§ TO DO:
Copy the listing that follows exactly. Its pictures do not belong in the copy.
-------- EXERCISE INPUTS
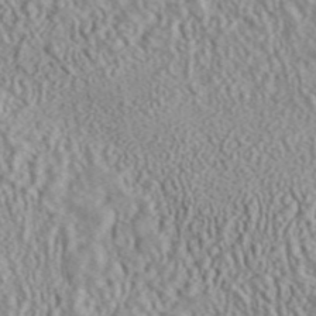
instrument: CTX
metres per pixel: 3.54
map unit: ANa
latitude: 45.3671
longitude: 36.7652
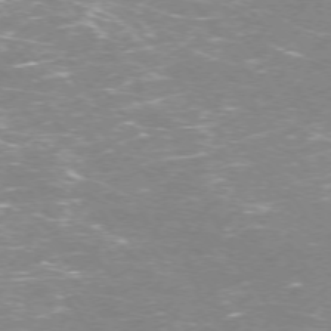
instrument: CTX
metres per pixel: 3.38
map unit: Ap
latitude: -74.7652
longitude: -75.1025
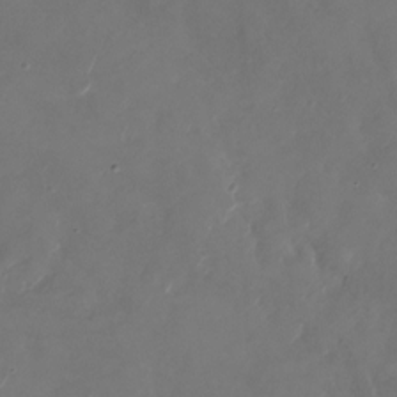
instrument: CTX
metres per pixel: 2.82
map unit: Nhu
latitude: -28.7841
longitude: -71.0269
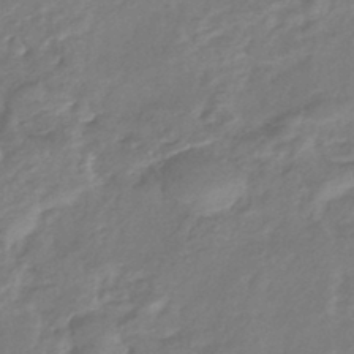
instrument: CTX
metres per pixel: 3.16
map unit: lHb
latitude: -41.0297
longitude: 79.1053
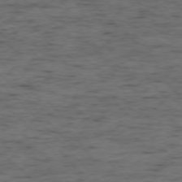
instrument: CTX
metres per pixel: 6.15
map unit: Ap
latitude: -76.4440
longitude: -91.3293
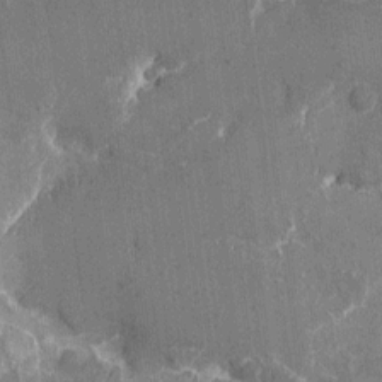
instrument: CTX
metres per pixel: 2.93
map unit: eHh
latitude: 7.9528
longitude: -67.8772
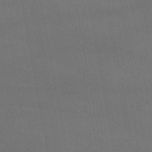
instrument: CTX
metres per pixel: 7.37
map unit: lHb
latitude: -46.5762
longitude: 75.1809
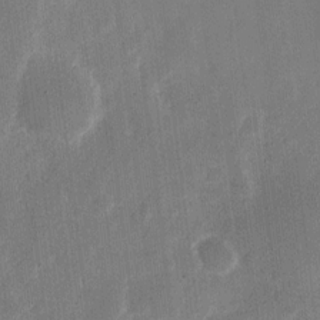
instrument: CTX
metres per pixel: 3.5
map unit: eHh
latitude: 11.7828
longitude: -68.5924
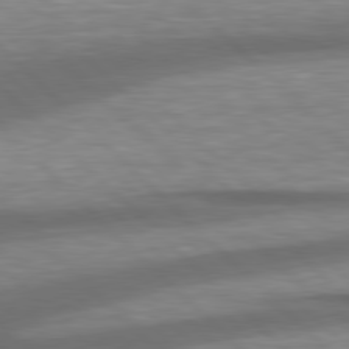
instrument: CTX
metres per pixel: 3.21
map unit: lApd
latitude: 79.1214
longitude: -115.8772
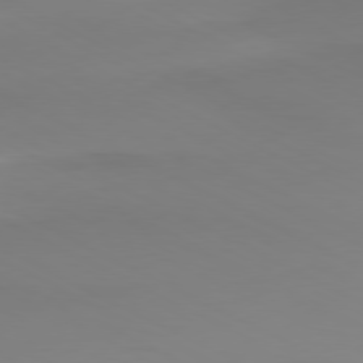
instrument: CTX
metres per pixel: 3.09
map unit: Ap
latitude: -80.1984
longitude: -62.6491
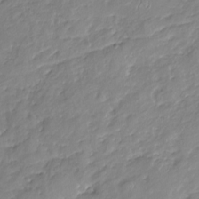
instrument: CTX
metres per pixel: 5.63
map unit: Nhu
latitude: -18.4251
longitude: -57.3670
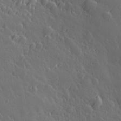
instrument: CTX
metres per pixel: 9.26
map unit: Hve
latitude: 26.7813
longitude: 145.6155
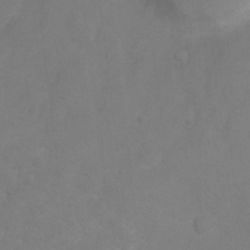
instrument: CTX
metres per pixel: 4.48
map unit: Hto
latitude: 2.6868
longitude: -35.4048
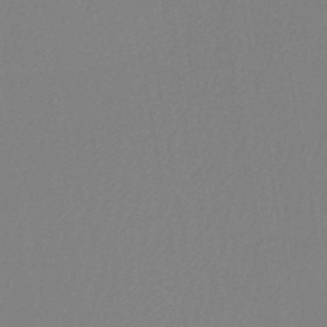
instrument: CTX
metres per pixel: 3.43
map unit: lHb
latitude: -45.7667
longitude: 74.3118
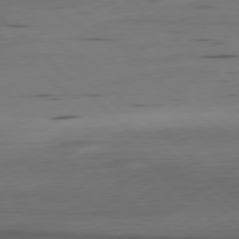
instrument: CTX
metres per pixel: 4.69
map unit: Ap
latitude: -78.5573
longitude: -61.8961
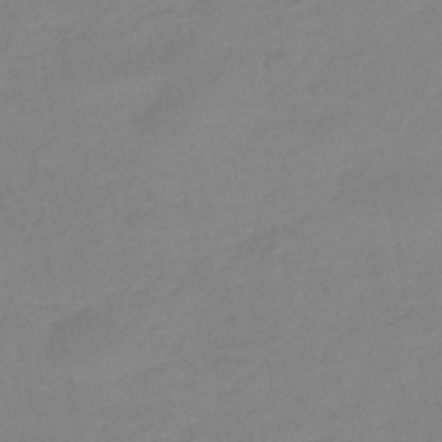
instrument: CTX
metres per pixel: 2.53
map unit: eHb
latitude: -46.1417
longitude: 88.7274
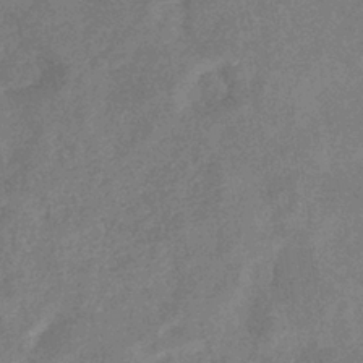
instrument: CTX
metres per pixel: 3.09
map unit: eHb
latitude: -38.2173
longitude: 77.2943
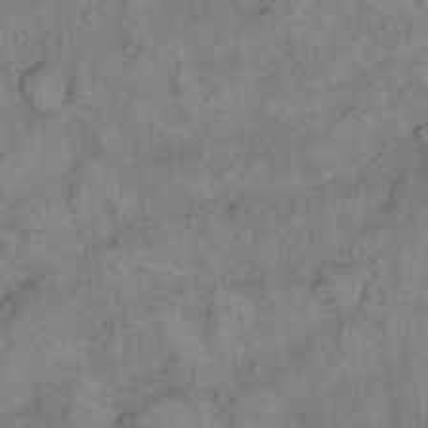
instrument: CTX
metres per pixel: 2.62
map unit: eHh
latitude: 13.9339
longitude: -64.8569
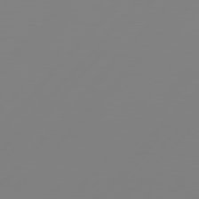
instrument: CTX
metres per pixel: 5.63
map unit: Hpe
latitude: 77.1025
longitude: -139.8961
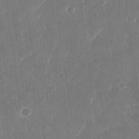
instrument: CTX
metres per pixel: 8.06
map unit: Nhu
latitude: -29.4643
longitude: -71.2348
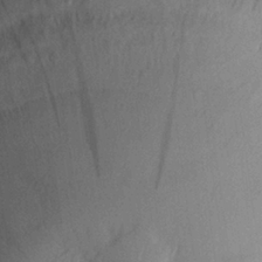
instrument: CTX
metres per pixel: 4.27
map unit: eHh
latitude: 26.4223
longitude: -80.5546
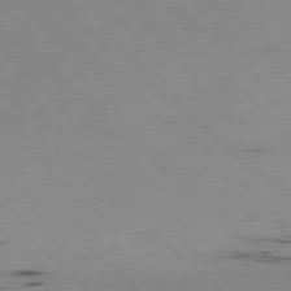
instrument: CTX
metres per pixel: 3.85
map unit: Hpe
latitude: -79.3131
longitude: 9.0675
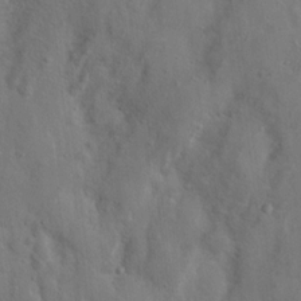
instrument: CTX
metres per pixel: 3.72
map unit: Nhu
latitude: 12.4223
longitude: -27.0836
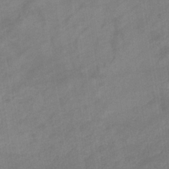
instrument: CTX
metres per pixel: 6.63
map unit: eHb
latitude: -33.6911
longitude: 72.8786
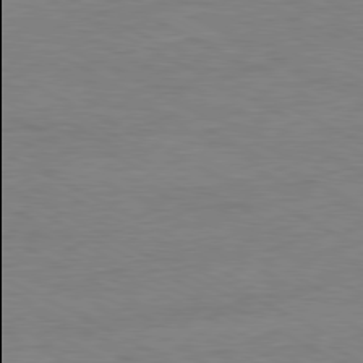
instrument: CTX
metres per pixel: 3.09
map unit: Ap
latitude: -80.8030
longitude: -85.9906
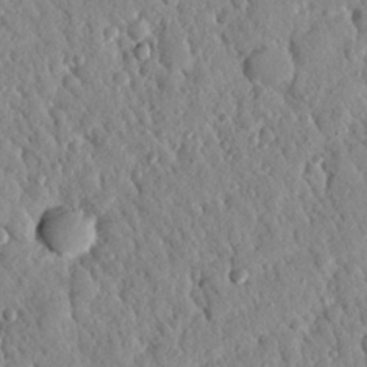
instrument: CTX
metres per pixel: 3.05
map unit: Nhu
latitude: 21.6505
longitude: -77.6694
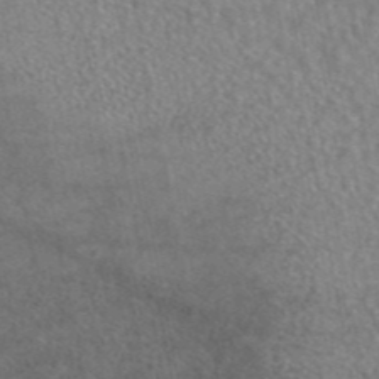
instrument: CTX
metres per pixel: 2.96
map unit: eAb
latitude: 44.7057
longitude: 108.1795
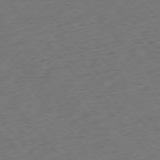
----------------
§ OUTPUT:
instrument: CTX
metres per pixel: 3.54
map unit: ANa
latitude: 45.3671
longitude: 36.7652
instrument: CTX
metres per pixel: 3.38
map unit: Ap
latitude: -74.7652
longitude: -75.1025
instrument: CTX
metres per pixel: 2.82
map unit: Nhu
latitude: -28.7841
longitude: -71.0269
instrument: CTX
metres per pixel: 3.16
map unit: lHb
latitude: -41.0297
longitude: 79.1053
instrument: CTX
metres per pixel: 6.15
map unit: Ap
latitude: -76.4440
longitude: -91.3293
instrument: CTX
metres per pixel: 2.93
map unit: eHh
latitude: 7.9528
longitude: -67.8772
instrument: CTX
metres per pixel: 7.37
map unit: lHb
latitude: -46.5762
longitude: 75.1809
instrument: CTX
metres per pixel: 3.5
map unit: eHh
latitude: 11.7828
longitude: -68.5924
instrument: CTX
metres per pixel: 3.21
map unit: lApd
latitude: 79.1214
longitude: -115.8772
instrument: CTX
metres per pixel: 3.09
map unit: Ap
latitude: -80.1984
longitude: -62.6491
instrument: CTX
metres per pixel: 5.63
map unit: Nhu
latitude: -18.4251
longitude: -57.3670
instrument: CTX
metres per pixel: 9.26
map unit: Hve
latitude: 26.7813
longitude: 145.6155
instrument: CTX
metres per pixel: 4.48
map unit: Hto
latitude: 2.6868
longitude: -35.4048
instrument: CTX
metres per pixel: 3.43
map unit: lHb
latitude: -45.7667
longitude: 74.3118
instrument: CTX
metres per pixel: 4.69
map unit: Ap
latitude: -78.5573
longitude: -61.8961
instrument: CTX
metres per pixel: 2.53
map unit: eHb
latitude: -46.1417
longitude: 88.7274
instrument: CTX
metres per pixel: 3.09
map unit: eHb
latitude: -38.2173
longitude: 77.2943
instrument: CTX
metres per pixel: 2.62
map unit: eHh
latitude: 13.9339
longitude: -64.8569
instrument: CTX
metres per pixel: 5.63
map unit: Hpe
latitude: 77.1025
longitude: -139.8961
instrument: CTX
metres per pixel: 8.06
map unit: Nhu
latitude: -29.4643
longitude: -71.2348
instrument: CTX
metres per pixel: 4.27
map unit: eHh
latitude: 26.4223
longitude: -80.5546
instrument: CTX
metres per pixel: 3.85
map unit: Hpe
latitude: -79.3131
longitude: 9.0675
instrument: CTX
metres per pixel: 3.72
map unit: Nhu
latitude: 12.4223
longitude: -27.0836
instrument: CTX
metres per pixel: 6.63
map unit: eHb
latitude: -33.6911
longitude: 72.8786
instrument: CTX
metres per pixel: 3.09
map unit: Ap
latitude: -80.8030
longitude: -85.9906
instrument: CTX
metres per pixel: 3.05
map unit: Nhu
latitude: 21.6505
longitude: -77.6694
instrument: CTX
metres per pixel: 2.96
map unit: eAb
latitude: 44.7057
longitude: 108.1795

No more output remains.